Concretely, for any number of coins greater than three, you could simply consider the examples whose first three coins behave as in the two examples above and for which the outcomes of the final two coins are independent from all other coins.
Best Answer
This won't always work, but it may be worth a try. First compute thresholds $t_1,…,t_N$, where $\newcommand{\erfcinv}[1]{\operatorname{erfcinv}\left(#1\right)} t_i = \sqrt{2} \erfcinv{2p_i}$, so that $\Pr(Z > t_i) = p_i$, where $Z$ is a standard normal random variable.
Then for each pair of variables $(i,j), 1 \leq i < j \leq N$, solve for the tetrachoric correlation $r_{ij}$, where $\int_0^{r_{ij}} f(t_i,t_j,\rho) \mathrm{d}\rho =$ the known covariance of variables $i$ and $j$, and $f(x,y,\rho)$ is the bivariate standard normal pdf with correlation $\rho$.

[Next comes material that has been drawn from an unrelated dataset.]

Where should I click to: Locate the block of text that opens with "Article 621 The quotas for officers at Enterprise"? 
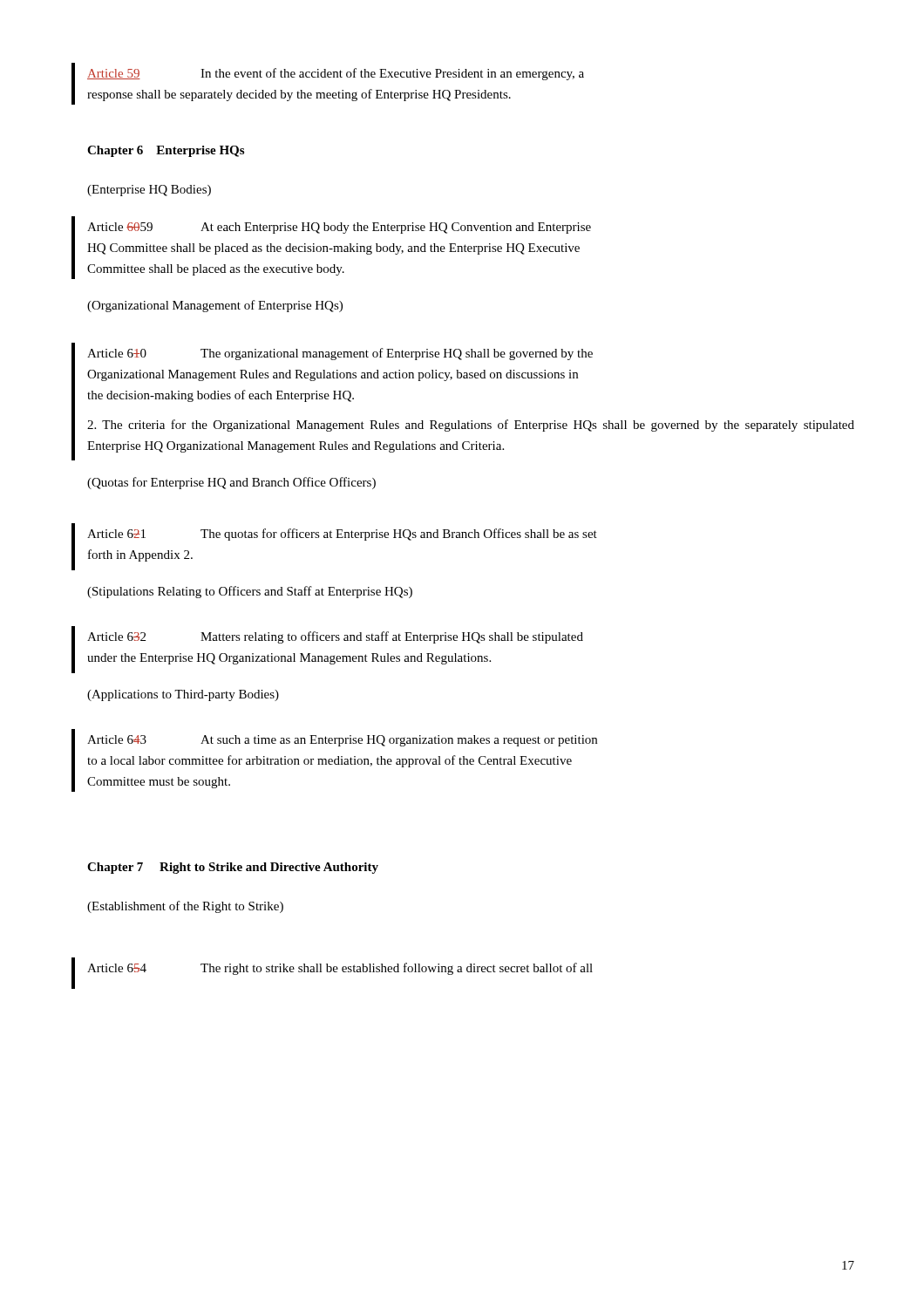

(Note: the integral, which must be evaluated numerically, is more tractable with the change of variable $\rho = \sin \theta$.)
If the matrix $R$ of tetrachoric correlations is positive definite then you're in business. Let $F$ be any matrix that gives $FF' = R$. Then for each desired binary vector $x$, generate a vector $z$ of $N$ independent standard normals, let $y = Fz$, and for $i = 1,…,N$ let $x_i = 1 if y_i > t_i$, and $x_i = 0$ otherwise.